### WORK REQUEST
Restate word for word the lines of the material below, from the line with "assertTrue(tableExists);" to the line with "assertEquals(size, batch_size*2);", both lines included, and no others.

EXTRACTED ENTRIES START

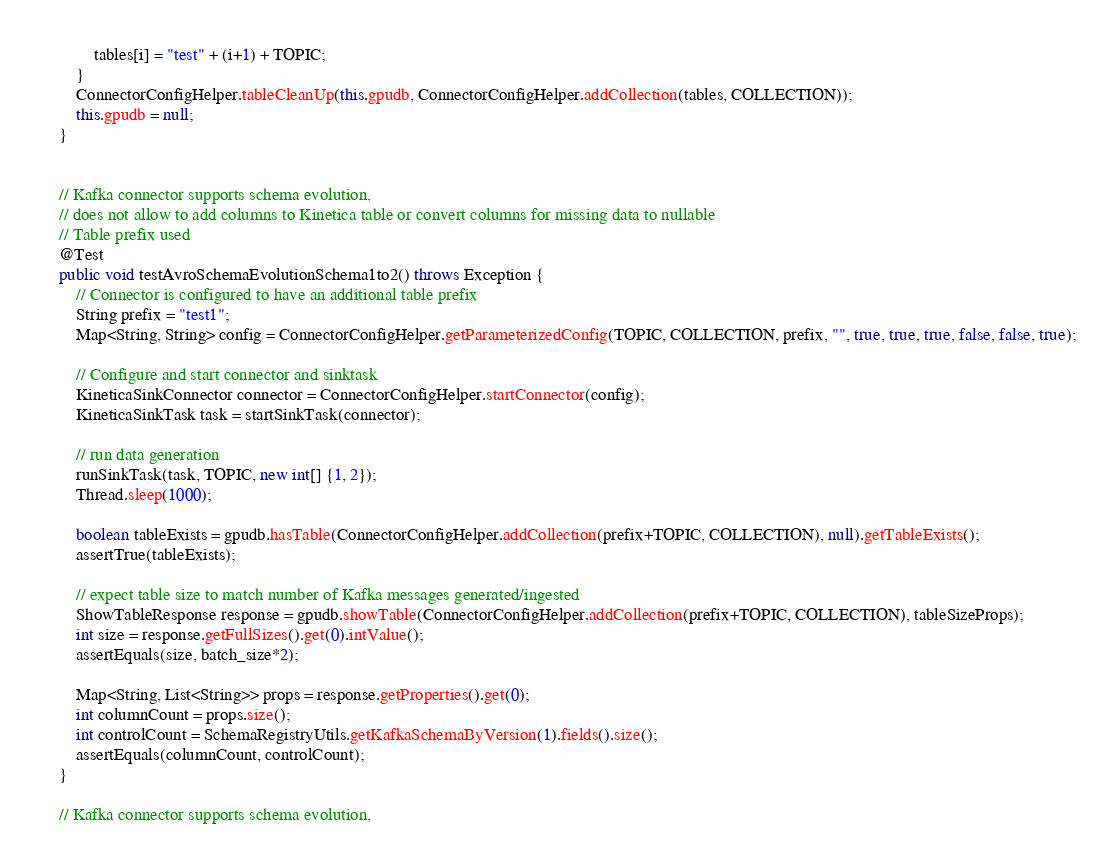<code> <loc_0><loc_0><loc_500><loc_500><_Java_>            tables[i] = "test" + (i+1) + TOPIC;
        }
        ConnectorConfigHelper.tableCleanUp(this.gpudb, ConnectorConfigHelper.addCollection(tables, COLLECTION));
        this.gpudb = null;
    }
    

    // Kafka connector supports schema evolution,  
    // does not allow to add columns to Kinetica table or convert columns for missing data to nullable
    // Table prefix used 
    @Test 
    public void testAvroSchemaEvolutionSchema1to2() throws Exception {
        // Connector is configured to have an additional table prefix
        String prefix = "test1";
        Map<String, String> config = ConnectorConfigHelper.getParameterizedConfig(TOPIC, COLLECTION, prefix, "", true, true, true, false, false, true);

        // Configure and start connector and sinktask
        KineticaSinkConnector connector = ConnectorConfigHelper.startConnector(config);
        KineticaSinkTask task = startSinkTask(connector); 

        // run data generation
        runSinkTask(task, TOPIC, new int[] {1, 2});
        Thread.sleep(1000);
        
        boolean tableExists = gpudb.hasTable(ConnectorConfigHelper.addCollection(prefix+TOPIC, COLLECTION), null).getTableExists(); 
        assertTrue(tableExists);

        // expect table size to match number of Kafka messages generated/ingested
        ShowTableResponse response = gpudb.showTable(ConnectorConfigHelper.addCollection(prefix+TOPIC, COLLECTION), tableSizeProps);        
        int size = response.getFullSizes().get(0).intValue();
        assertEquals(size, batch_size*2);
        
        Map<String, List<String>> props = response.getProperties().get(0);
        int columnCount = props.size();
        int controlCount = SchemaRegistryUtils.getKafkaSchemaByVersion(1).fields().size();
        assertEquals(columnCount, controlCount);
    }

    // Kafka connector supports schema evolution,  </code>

EXTRACTED ENTRIES END
EXTRACTED ENTRIES START

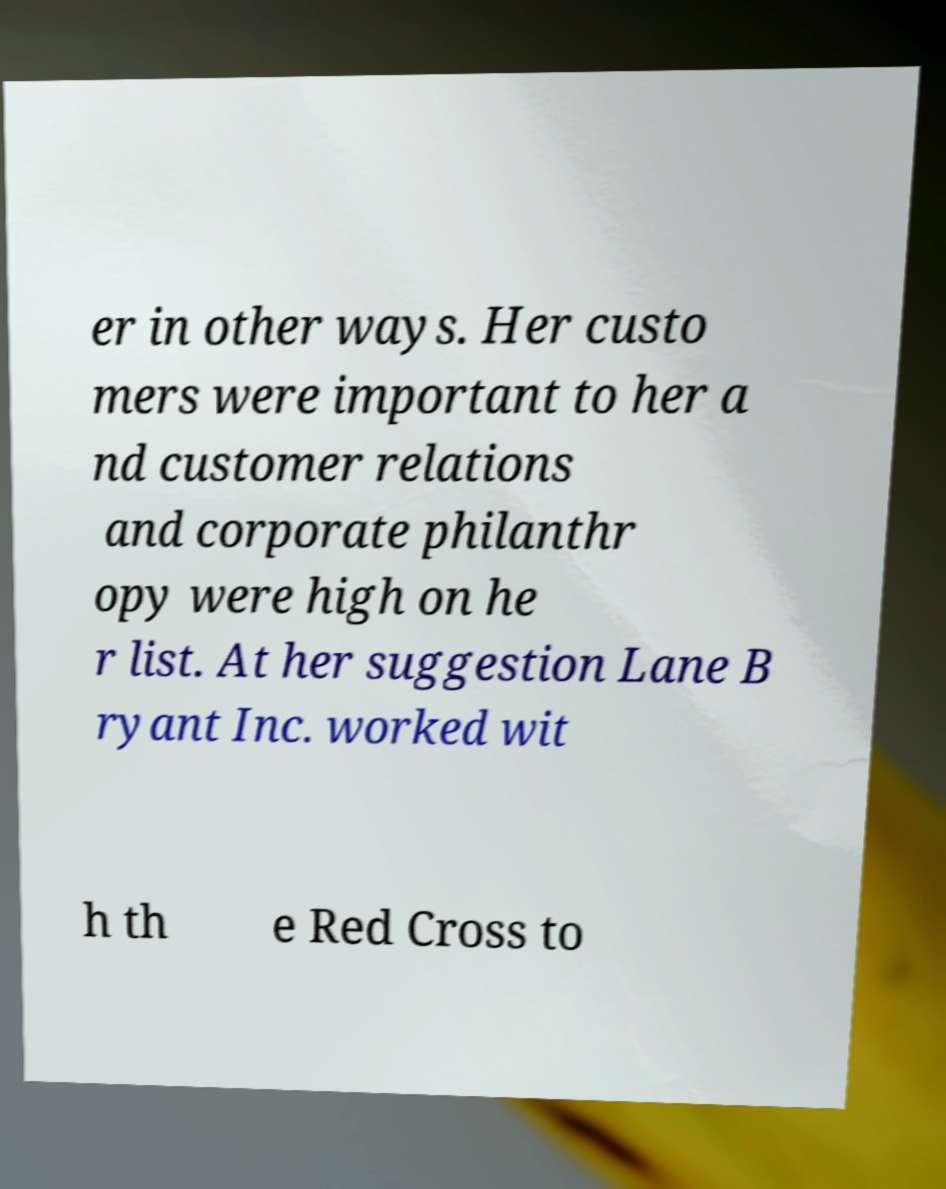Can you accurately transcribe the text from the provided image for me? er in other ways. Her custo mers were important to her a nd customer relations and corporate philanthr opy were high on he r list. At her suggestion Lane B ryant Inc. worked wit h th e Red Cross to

EXTRACTED ENTRIES END

### TASK RESULT
        assertTrue(tableExists);

        // expect table size to match number of Kafka messages generated/ingested
        ShowTableResponse response = gpudb.showTable(ConnectorConfigHelper.addCollection(prefix+TOPIC, COLLECTION), tableSizeProps);        
        int size = response.getFullSizes().get(0).intValue();
        assertEquals(size, batch_size*2);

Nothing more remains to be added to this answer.